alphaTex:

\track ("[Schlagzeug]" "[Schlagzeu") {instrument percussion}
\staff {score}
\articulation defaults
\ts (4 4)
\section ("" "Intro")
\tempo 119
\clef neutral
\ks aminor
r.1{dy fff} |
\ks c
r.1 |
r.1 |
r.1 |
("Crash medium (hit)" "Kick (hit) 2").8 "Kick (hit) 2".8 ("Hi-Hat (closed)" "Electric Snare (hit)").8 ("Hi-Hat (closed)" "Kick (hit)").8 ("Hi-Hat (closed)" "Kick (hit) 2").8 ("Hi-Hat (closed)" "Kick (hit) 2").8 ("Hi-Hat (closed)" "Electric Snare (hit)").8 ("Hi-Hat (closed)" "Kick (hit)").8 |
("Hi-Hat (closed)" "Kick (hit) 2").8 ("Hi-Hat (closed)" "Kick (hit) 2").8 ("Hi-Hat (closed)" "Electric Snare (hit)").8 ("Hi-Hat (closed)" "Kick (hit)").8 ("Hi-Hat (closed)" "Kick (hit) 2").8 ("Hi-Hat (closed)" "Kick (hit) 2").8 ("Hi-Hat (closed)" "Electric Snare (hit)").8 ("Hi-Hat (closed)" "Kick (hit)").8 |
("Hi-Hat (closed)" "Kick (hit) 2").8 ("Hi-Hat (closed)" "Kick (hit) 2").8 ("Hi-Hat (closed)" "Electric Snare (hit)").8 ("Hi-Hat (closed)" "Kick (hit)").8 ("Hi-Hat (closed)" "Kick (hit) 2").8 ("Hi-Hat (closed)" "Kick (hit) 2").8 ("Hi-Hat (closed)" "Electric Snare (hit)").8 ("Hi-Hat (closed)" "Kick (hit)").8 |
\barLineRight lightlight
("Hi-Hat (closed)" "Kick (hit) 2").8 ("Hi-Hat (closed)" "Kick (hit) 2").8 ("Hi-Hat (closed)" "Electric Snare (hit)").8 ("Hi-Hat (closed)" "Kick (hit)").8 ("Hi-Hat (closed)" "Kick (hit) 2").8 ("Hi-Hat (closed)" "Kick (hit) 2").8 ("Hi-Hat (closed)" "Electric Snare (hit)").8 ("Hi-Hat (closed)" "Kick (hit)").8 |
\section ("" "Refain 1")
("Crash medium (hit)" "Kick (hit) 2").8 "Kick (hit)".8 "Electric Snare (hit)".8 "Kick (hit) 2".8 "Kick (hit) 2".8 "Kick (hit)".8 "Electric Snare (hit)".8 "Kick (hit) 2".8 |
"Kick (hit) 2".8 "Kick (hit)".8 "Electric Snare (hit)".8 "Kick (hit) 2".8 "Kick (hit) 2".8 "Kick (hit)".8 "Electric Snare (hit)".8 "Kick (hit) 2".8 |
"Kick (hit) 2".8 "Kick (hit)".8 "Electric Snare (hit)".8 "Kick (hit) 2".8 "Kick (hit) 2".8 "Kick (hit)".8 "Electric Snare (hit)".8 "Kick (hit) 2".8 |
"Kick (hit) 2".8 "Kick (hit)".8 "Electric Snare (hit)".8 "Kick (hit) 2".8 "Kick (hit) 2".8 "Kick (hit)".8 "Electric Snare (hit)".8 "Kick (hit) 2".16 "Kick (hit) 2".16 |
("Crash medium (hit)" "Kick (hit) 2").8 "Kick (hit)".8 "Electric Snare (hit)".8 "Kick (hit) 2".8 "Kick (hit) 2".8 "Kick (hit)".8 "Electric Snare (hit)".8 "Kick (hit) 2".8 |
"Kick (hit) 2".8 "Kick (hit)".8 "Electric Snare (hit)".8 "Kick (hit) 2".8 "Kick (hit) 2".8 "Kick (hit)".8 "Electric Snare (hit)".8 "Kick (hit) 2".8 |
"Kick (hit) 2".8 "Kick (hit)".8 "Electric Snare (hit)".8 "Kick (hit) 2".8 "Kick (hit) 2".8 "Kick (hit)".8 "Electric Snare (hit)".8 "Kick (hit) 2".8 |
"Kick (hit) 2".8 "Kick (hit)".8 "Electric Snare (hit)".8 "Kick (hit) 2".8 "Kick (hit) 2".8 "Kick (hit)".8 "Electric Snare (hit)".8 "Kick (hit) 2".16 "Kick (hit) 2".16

§ **Work task**
Transcribe every record exactly.

§ **Result**
alphaTex:

\track ("[Schlagzeug]" "[Schlagzeu") {instrument percussion}
\staff {score}
\articulation defaults
\ts (4 4)
\section ("" "Intro")
\tempo 119
\clef neutral
\ks aminor
r.1{dy fff} |
\ks c
r.1 |
r.1 |
r.1 |
("Crash medium (hit)" "Kick (hit) 2").8 "Kick (hit) 2".8 ("Hi-Hat (closed)" "Electric Snare (hit)").8 ("Hi-Hat (closed)" "Kick (hit)").8 ("Hi-Hat (closed)" "Kick (hit) 2").8 ("Hi-Hat (closed)" "Kick (hit) 2").8 ("Hi-Hat (closed)" "Electric Snare (hit)").8 ("Hi-Hat (closed)" "Kick (hit)").8 |
("Hi-Hat (closed)" "Kick (hit) 2").8 ("Hi-Hat (closed)" "Kick (hit) 2").8 ("Hi-Hat (closed)" "Electric Snare (hit)").8 ("Hi-Hat (closed)" "Kick (hit)").8 ("Hi-Hat (closed)" "Kick (hit) 2").8 ("Hi-Hat (closed)" "Kick (hit) 2").8 ("Hi-Hat (closed)" "Electric Snare (hit)").8 ("Hi-Hat (closed)" "Kick (hit)").8 |
("Hi-Hat (closed)" "Kick (hit) 2").8 ("Hi-Hat (closed)" "Kick (hit) 2").8 ("Hi-Hat (closed)" "Electric Snare (hit)").8 ("Hi-Hat (closed)" "Kick (hit)").8 ("Hi-Hat (closed)" "Kick (hit) 2").8 ("Hi-Hat (closed)" "Kick (hit) 2").8 ("Hi-Hat (closed)" "Electric Snare (hit)").8 ("Hi-Hat (closed)" "Kick (hit)").8 |
\barLineRight lightlight
("Hi-Hat (closed)" "Kick (hit) 2").8 ("Hi-Hat (closed)" "Kick (hit) 2").8 ("Hi-Hat (closed)" "Electric Snare (hit)").8 ("Hi-Hat (closed)" "Kick (hit)").8 ("Hi-Hat (closed)" "Kick (hit) 2").8 ("Hi-Hat (closed)" "Kick (hit) 2").8 ("Hi-Hat (closed)" "Electric Snare (hit)").8 ("Hi-Hat (closed)" "Kick (hit)").8 |
\section ("" "Refain 1")
("Crash medium (hit)" "Kick (hit) 2").8 "Kick (hit)".8 "Electric Snare (hit)".8 "Kick (hit) 2".8 "Kick (hit) 2".8 "Kick (hit)".8 "Electric Snare (hit)".8 "Kick (hit) 2".8 |
"Kick (hit) 2".8 "Kick (hit)".8 "Electric Snare (hit)".8 "Kick (hit) 2".8 "Kick (hit) 2".8 "Kick (hit)".8 "Electric Snare (hit)".8 "Kick (hit) 2".8 |
"Kick (hit) 2".8 "Kick (hit)".8 "Electric Snare (hit)".8 "Kick (hit) 2".8 "Kick (hit) 2".8 "Kick (hit)".8 "Electric Snare (hit)".8 "Kick (hit) 2".8 |
"Kick (hit) 2".8 "Kick (hit)".8 "Electric Snare (hit)".8 "Kick (hit) 2".8 "Kick (hit) 2".8 "Kick (hit)".8 "Electric Snare (hit)".8 "Kick (hit) 2".16 "Kick (hit) 2".16 |
("Crash medium (hit)" "Kick (hit) 2").8 "Kick (hit)".8 "Electric Snare (hit)".8 "Kick (hit) 2".8 "Kick (hit) 2".8 "Kick (hit)".8 "Electric Snare (hit)".8 "Kick (hit) 2".8 |
"Kick (hit) 2".8 "Kick (hit)".8 "Electric Snare (hit)".8 "Kick (hit) 2".8 "Kick (hit) 2".8 "Kick (hit)".8 "Electric Snare (hit)".8 "Kick (hit) 2".8 |
"Kick (hit) 2".8 "Kick (hit)".8 "Electric Snare (hit)".8 "Kick (hit) 2".8 "Kick (hit) 2".8 "Kick (hit)".8 "Electric Snare (hit)".8 "Kick (hit) 2".8 |
"Kick (hit) 2".8 "Kick (hit)".8 "Electric Snare (hit)".8 "Kick (hit) 2".8 "Kick (hit) 2".8 "Kick (hit)".8 "Electric Snare (hit)".8 "Kick (hit) 2".16 "Kick (hit) 2".16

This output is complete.